Kenyan taxpayers lost more than Sh870 million in the botched Ministry of Petroleum’s plan to provide poor homes with cheaper cooking fuel, a new audit has shown.

The audit says taxpayers did not get value for money arising from shortcomings in the implementation of the Mwananchi Gas Project.

Under the plan, which was already piloted in Machakos and Kajiado counties, the government was expected to buy about one million new gas cylinders and cookers for distribution.

Poor households were to receive 6kg cooking gas cylinders and burners at a discounted price of Sh2,000, as opposed to the market cost of similar cylinder with cooking accessories which goes for about Sh5,000.
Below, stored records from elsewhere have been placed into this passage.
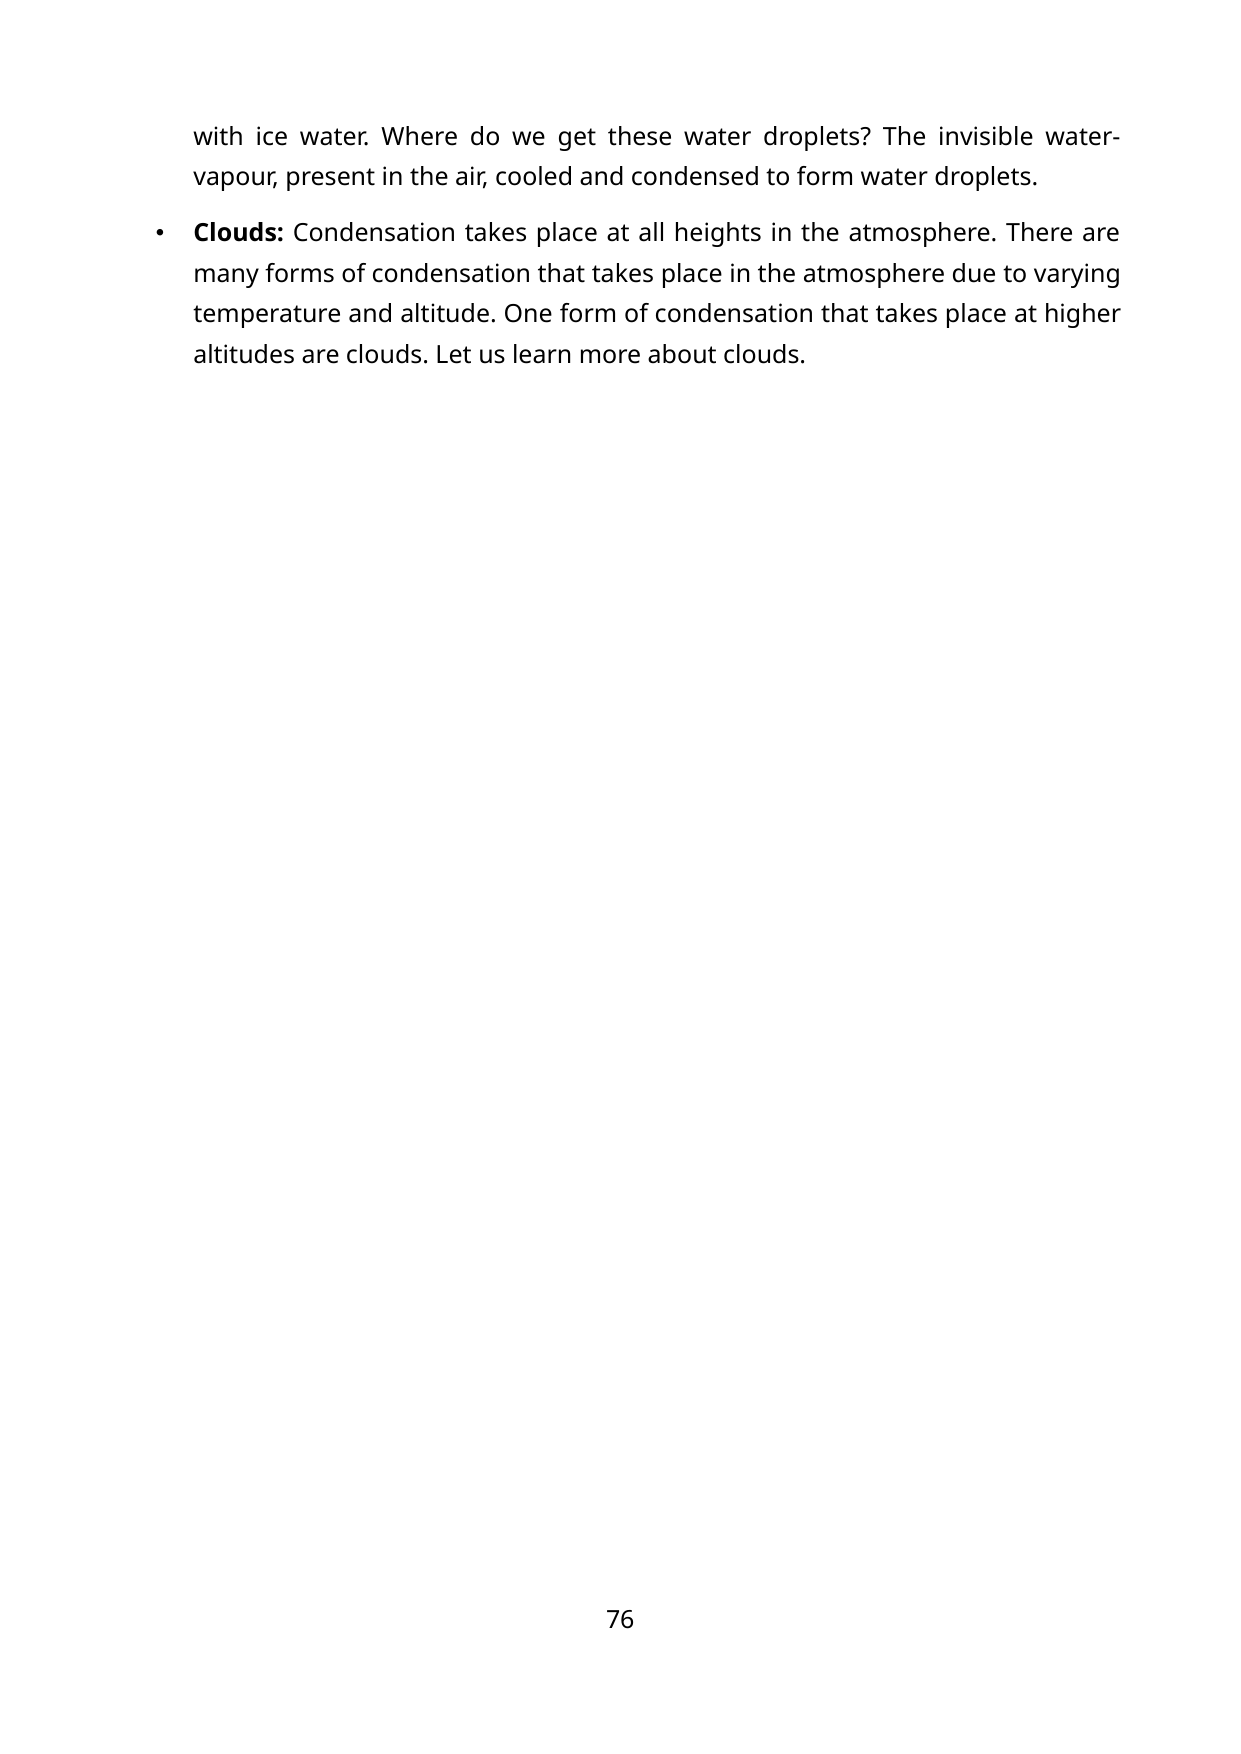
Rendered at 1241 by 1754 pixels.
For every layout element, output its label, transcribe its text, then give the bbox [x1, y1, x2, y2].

list Clouds: Condensation takes place at all heights in the atmosphere. There are many forms of condensation that takes place in the atmosphere due to varying temperature and altitude. One form of condensation that takes place at higher altitudes are clouds. Let us learn more about clouds. [156, 214, 1122, 371]
list with ice water. Where do we get these water droplets? The invisible water-vapour, present in the air, cooled and condensed to form water droplets. [156, 118, 1122, 193]
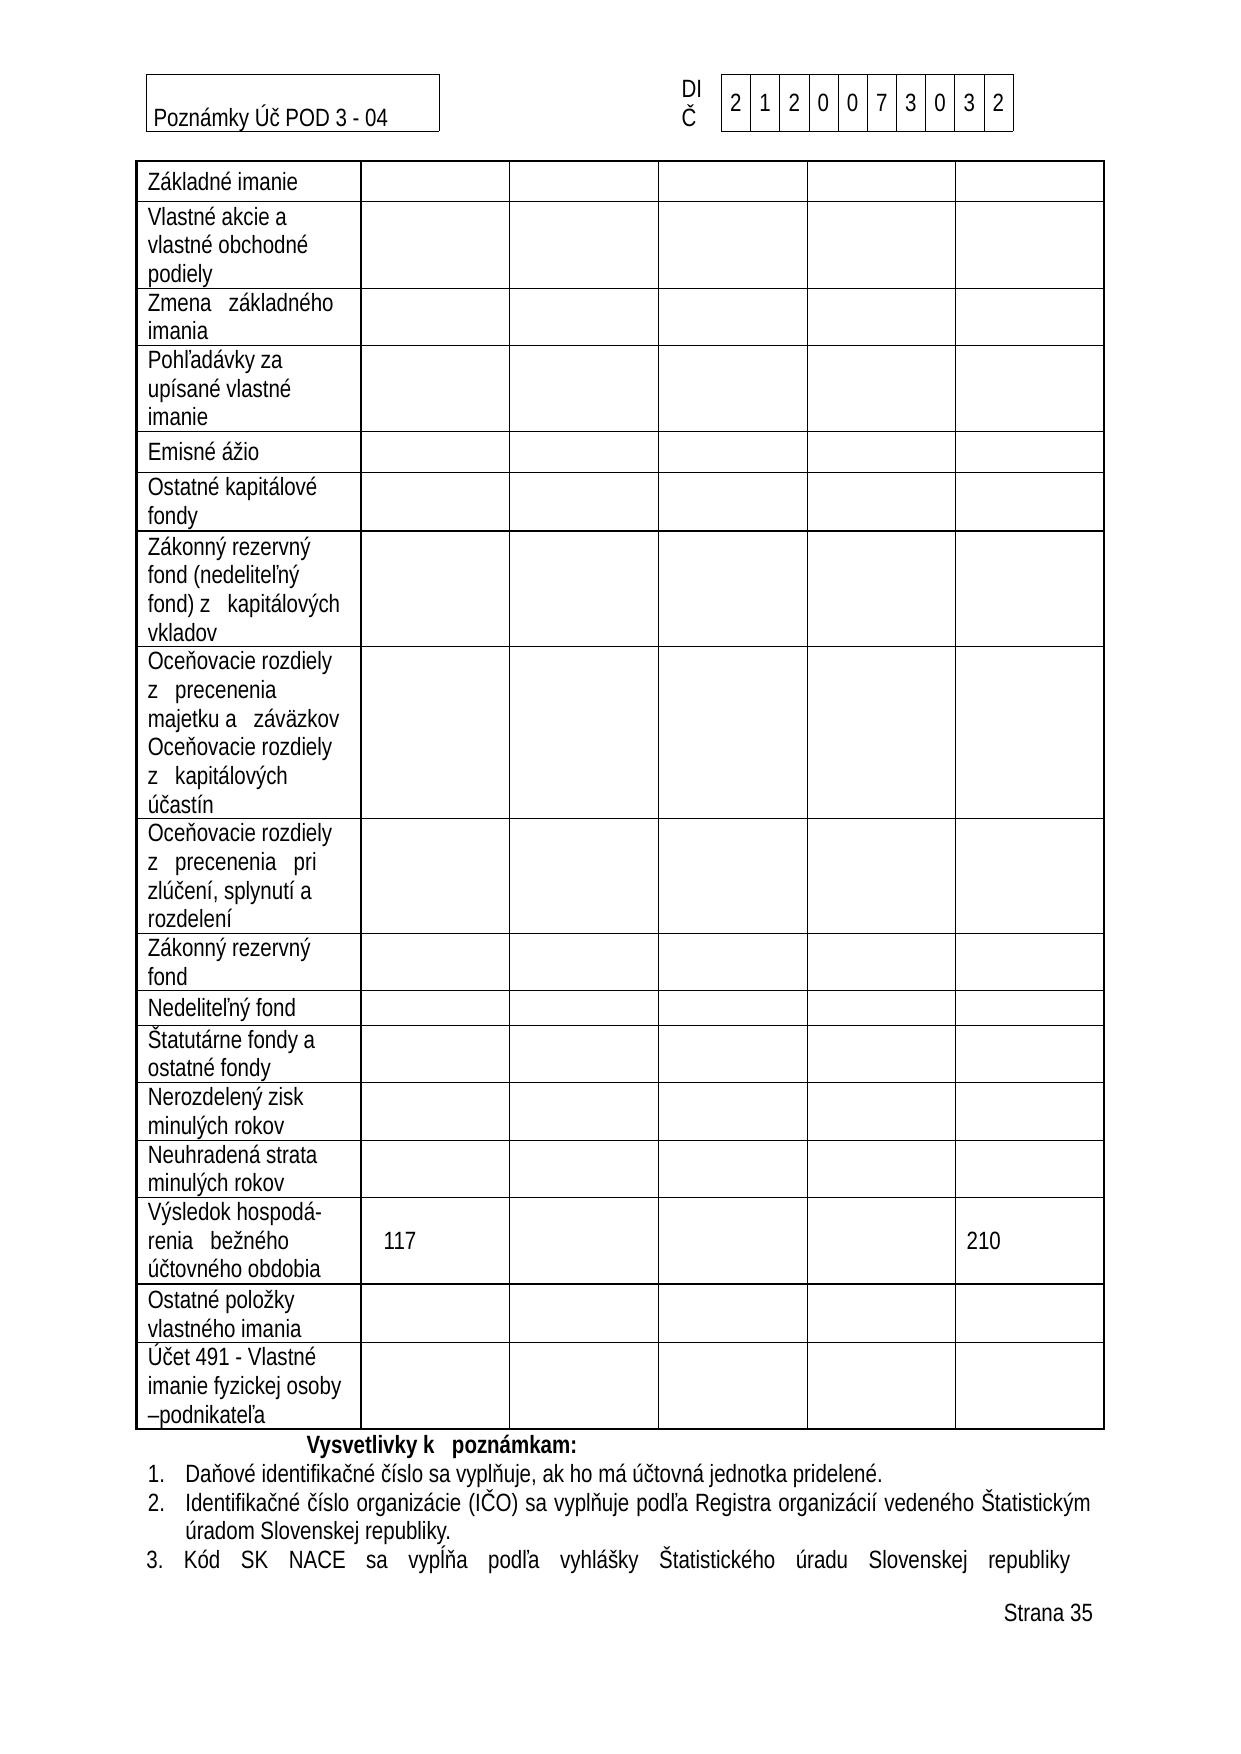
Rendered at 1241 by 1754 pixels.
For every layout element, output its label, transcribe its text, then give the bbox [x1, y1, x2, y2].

table_cell [362, 819, 509, 933]
table_cell [808, 202, 955, 287]
table_cell Základné imanie [138, 162, 360, 201]
table_cell Neuhradená strata minulých rokov [138, 1141, 360, 1197]
table_cell [510, 289, 658, 345]
table_cell [659, 647, 807, 732]
table_cell [362, 346, 509, 431]
table_cell Zmena základného imania [138, 289, 360, 345]
list Kód SK NACE sa vypĺňa podľa vyhlášky Štatistického úradu Slovenskej republiky [146, 1545, 1093, 1574]
table_cell [510, 1198, 658, 1283]
table_cell [659, 289, 807, 345]
table_cell [956, 162, 1103, 201]
table_cell Vlastné akcie a vlastné obchodné podiely [138, 202, 360, 287]
table_cell [362, 432, 509, 472]
table_cell [808, 473, 955, 529]
table_cell [362, 647, 509, 732]
table_cell Nedeliteľný fond [138, 991, 360, 1025]
text Vysvetlivky k poznámkam: [148, 1430, 1093, 1459]
table_cell [510, 732, 658, 818]
table_cell [362, 934, 509, 990]
table_cell [362, 202, 509, 287]
table_cell [808, 289, 955, 345]
table_cell [956, 1343, 1103, 1428]
table_cell [659, 162, 807, 201]
table_cell [362, 732, 509, 818]
table_cell [659, 991, 807, 1025]
list Identifikačné číslo organizácie (IČO) sa vyplňuje podľa Registra organizácií vedeného Štatistickým úradom Slovenskej republiky. [148, 1488, 1093, 1545]
table_cell [956, 1285, 1103, 1342]
table_cell [808, 991, 955, 1025]
table_cell [808, 432, 955, 472]
table_cell [510, 1141, 658, 1197]
table_cell [808, 162, 955, 201]
table_cell [362, 991, 509, 1025]
table_cell [956, 289, 1103, 345]
table_cell [956, 532, 1103, 646]
table_cell [510, 532, 658, 646]
table_cell [510, 647, 658, 732]
table_cell [808, 1083, 955, 1139]
table_cell Zákonný rezervný fond (nedeliteľný fond) z kapitálových vkladov [138, 532, 360, 646]
table_cell [808, 934, 955, 990]
table_cell [659, 819, 807, 933]
table_cell [808, 819, 955, 933]
table_cell [510, 819, 658, 933]
table_cell [956, 934, 1103, 990]
table_cell [362, 1285, 509, 1342]
table_cell [510, 432, 658, 472]
table_cell Nerozdelený zisk minulých rokov [138, 1083, 360, 1139]
table_cell [659, 1141, 807, 1197]
table_cell [510, 346, 658, 431]
table_cell [956, 1141, 1103, 1197]
table_cell [659, 473, 807, 529]
table_cell [510, 202, 658, 287]
table_cell [956, 819, 1103, 933]
table_cell [510, 991, 658, 1025]
table_cell [808, 532, 955, 646]
table_cell [808, 1198, 955, 1283]
table_cell Zákonný rezervný fond [138, 934, 360, 990]
table_cell [510, 1026, 658, 1082]
table_cell [362, 1083, 509, 1139]
table_cell Štatutárne fondy a ostatné fondy [138, 1026, 360, 1082]
table_cell [956, 991, 1103, 1025]
table_cell [510, 1343, 658, 1428]
table_cell [659, 1285, 807, 1342]
table_cell [956, 647, 1103, 732]
table_cell 117 [362, 1198, 509, 1283]
table_cell [956, 202, 1103, 287]
table_cell [659, 732, 807, 818]
table_cell [659, 432, 807, 472]
table_cell [956, 432, 1103, 472]
table_cell [808, 1026, 955, 1082]
table_cell [659, 346, 807, 431]
table_cell [956, 1083, 1103, 1139]
table_cell [659, 532, 807, 646]
table_cell [659, 934, 807, 990]
table_cell [808, 732, 955, 818]
table_cell [510, 162, 658, 201]
table_cell [362, 1141, 509, 1197]
table_cell [362, 289, 509, 345]
table_cell [510, 473, 658, 529]
table_cell [956, 473, 1103, 529]
table_cell [956, 346, 1103, 431]
table_cell [659, 1343, 807, 1428]
table_cell Oceňovacie rozdiely z kapitálových účastín [138, 732, 360, 818]
table_cell Oceňovacie rozdiely z precenenia pri zlúčení, splynutí a rozdelení [138, 819, 360, 933]
table_cell Výsledok hospodá-renia bežného účtovného obdobia [138, 1198, 360, 1283]
table_cell [362, 162, 509, 201]
table_cell Ostatné kapitálové fondy [138, 473, 360, 529]
table_cell [510, 1285, 658, 1342]
table_cell [362, 532, 509, 646]
table_cell Pohľadávky za upísané vlastné imanie [138, 346, 360, 431]
table_cell Účet 491 - Vlastné imanie fyzickej osoby –podnikateľa [138, 1343, 360, 1428]
list Daňové identifikačné číslo sa vyplňuje, ak ho má účtovná jednotka pridelené. [148, 1459, 1093, 1488]
table_cell [659, 1083, 807, 1139]
table_cell 210 [956, 1198, 1103, 1283]
table_cell [808, 346, 955, 431]
table_cell [808, 647, 955, 732]
table_cell [659, 202, 807, 287]
table_cell [808, 1285, 955, 1342]
table_cell [362, 1343, 509, 1428]
table_cell [956, 1026, 1103, 1082]
table_cell [956, 732, 1103, 818]
table_cell [510, 1083, 658, 1139]
table_cell Emisné ážio [138, 432, 360, 472]
table_cell Oceňovacie rozdiely z precenenia majetku a záväzkov [138, 647, 360, 732]
table_cell [362, 1026, 509, 1082]
table_cell [808, 1141, 955, 1197]
table_cell [808, 1343, 955, 1428]
table_cell [362, 473, 509, 529]
table_cell [510, 934, 658, 990]
table_cell [659, 1198, 807, 1283]
table_cell [659, 1026, 807, 1082]
table_cell Ostatné položky vlastného imania [138, 1285, 360, 1342]
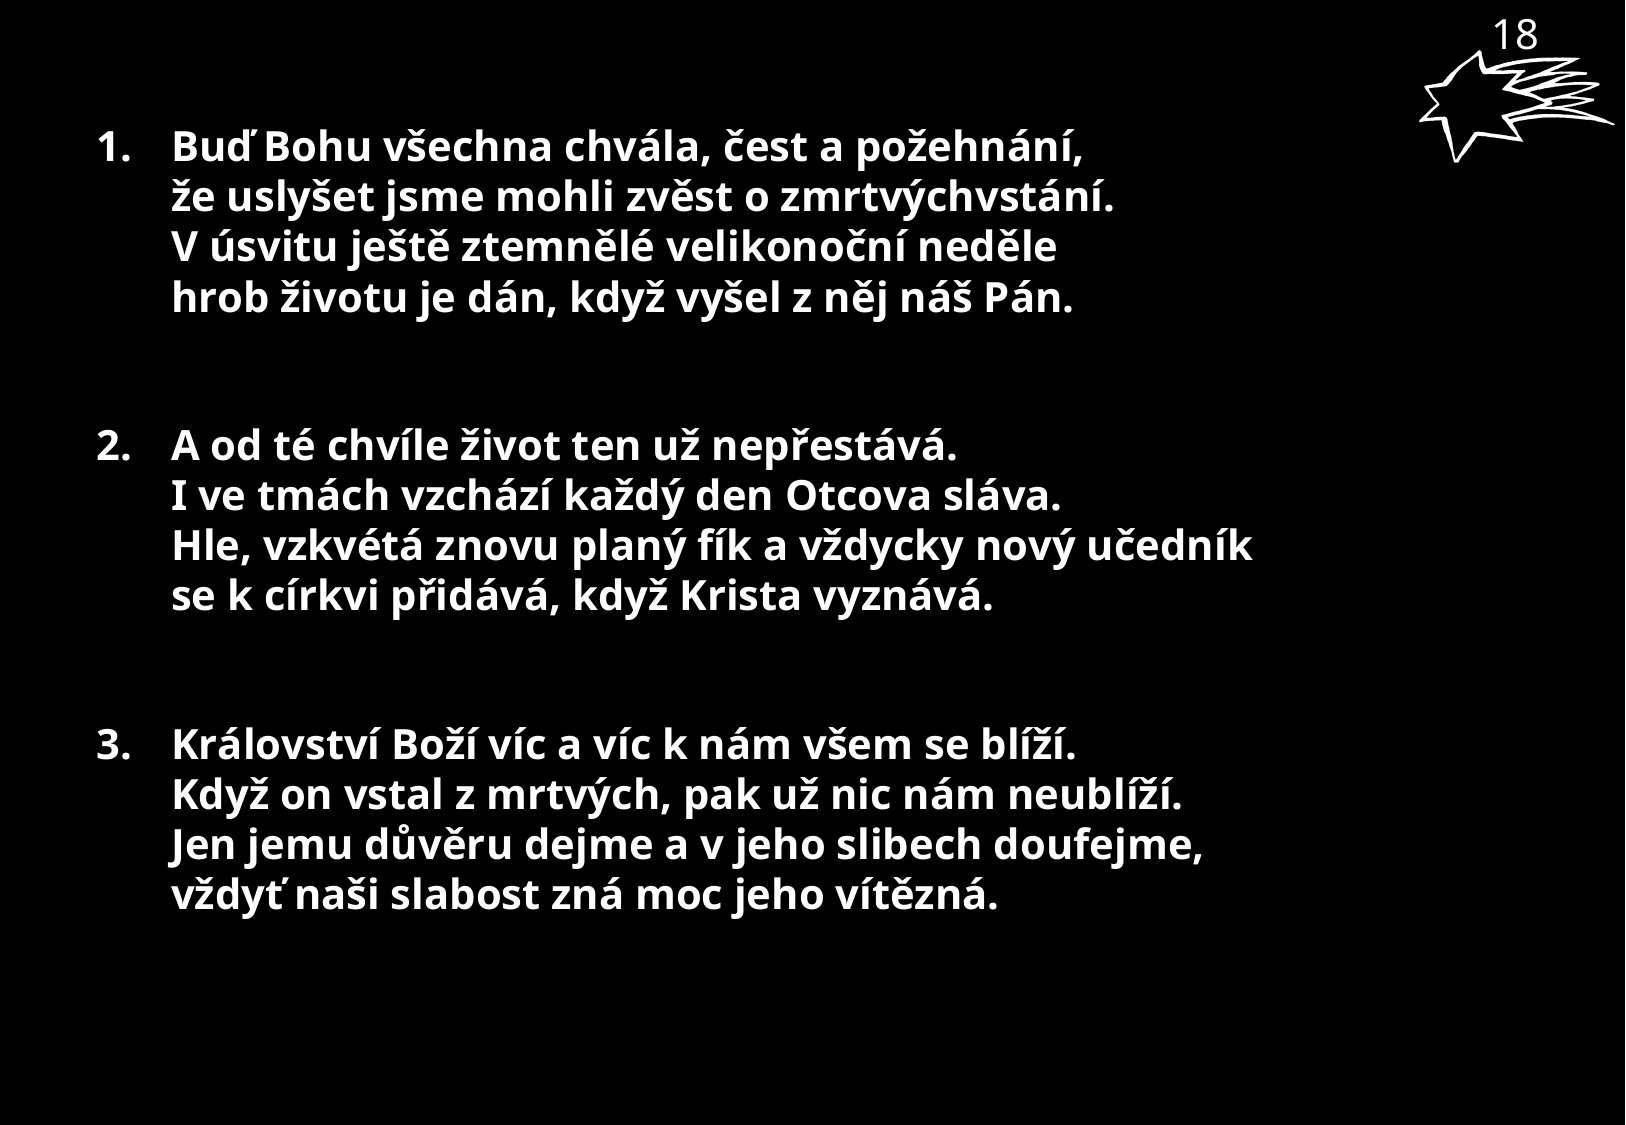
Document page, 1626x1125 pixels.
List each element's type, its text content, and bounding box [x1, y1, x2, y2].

text_box 18 [1405, 0, 1626, 66]
list Buď Bohu všechna chvála, čest a požehnání, že uslyšet jsme mohli zvěst o zmrtvýchvstání. V úsvitu ještě ztemnělé velikonoční neděle hrob životu je dán, když vyšel z něj náš Pán. A od té chvíle život ten už nepřestává. I ve tmách vzchází každý den Otcova sláva. Hle, vzkvétá znovu planý fík a vždycky nový učedník se k církvi přidává, když Krista vyznává. Království Boží víc a víc k nám všem se blíží. Když on vstal z mrtvých, pak už nic nám neublíží. Jen jemu důvěru dejme a v jeho slibech doufejme, vždyť naši slabost zná moc jeho vítězná. [81, 112, 1544, 1101]

"The project has not attainted its intended purpose and further, value-for-money has not been obtained on expenditures totalling Sh870,339,283 incurred on the project as at June 30, 2018.

"In addition, the status of the project remains unclear as its implementation appears to have stalled," Auditor-General Edward Ouko says in the report.

Subsidy plan

The subsidy plan was aimed at cutting reliance on kerosene and charcoal, which are not environment-friendly but are the main source of fuel for most rural and urban poor households.

The auditor notes that contracts were awarded on the basis of un-enforceable performance bonds and with no performance durations.

Some contractors however delivered sub-standard cylinders whose valves were prone to fire hazards.

The project entailed the supply and distribution of LPG cylinders, grills and burners to households at subsidised prices and erection of facilities to store the cylinders at local distribution points.

The audit shows that ten firms were contracted by the ministry in May 2017 to supply various components of the LPG gas project at an aggregate cost of Sh1 billion.

Mr Ouko says the State department for Petroleum had spent a total of Sh870 million as at end of June 2018.

The Ministry has since paid out Sh481 million leaving a pending bill of Sh389 million.

The contracts with the 10 suppliers would have seen the supply and distribution of 357,355 gas cylinders, 357,355 grills and a similar number of burners in addition to forty-foot containers.

Not supplied

Mr Ouko, however, says 206,587 gas cylinders, 84,788 grills and 97 forty-foot containers had not been supplied as at April 1, 2019.

"Further, out of the 150,668 cylinders supplied, only 66,103 had been inspected and an undisclosed number distributed to consumers in two counties.

"An estimated 88,565 cylinders were held at the National Oil Corporation (Nock) stores in Nairobi pending inspection and certification for conformity with the supply requirements," the audit shows.

One of the two suppliers contracted to supply 148,898 cylinders delivered only 23,873 in July 2017 at a cost of Sh52.5 million but 15,350 of the cylinders (about 64 per cent) were found to be faulty.

The faulty ones were estimated to cost valued at Sh33.8 million. Mr Ouko said attempts by the Ministry to enforce the performance bond worth Sh40.34 million provided by the supplier were unsuccessful.

The performance bond was not of first-demand category and therefore did not cover liability for the faulty supplies.

"In the circumstances, the sum of Sh30.75 million paid to the supplier for faulty cylinders is at risk of loss as it was not secured," Mr Ouko said.

The Consumer Federation of Kenya has filed a suit in court over the botched deal.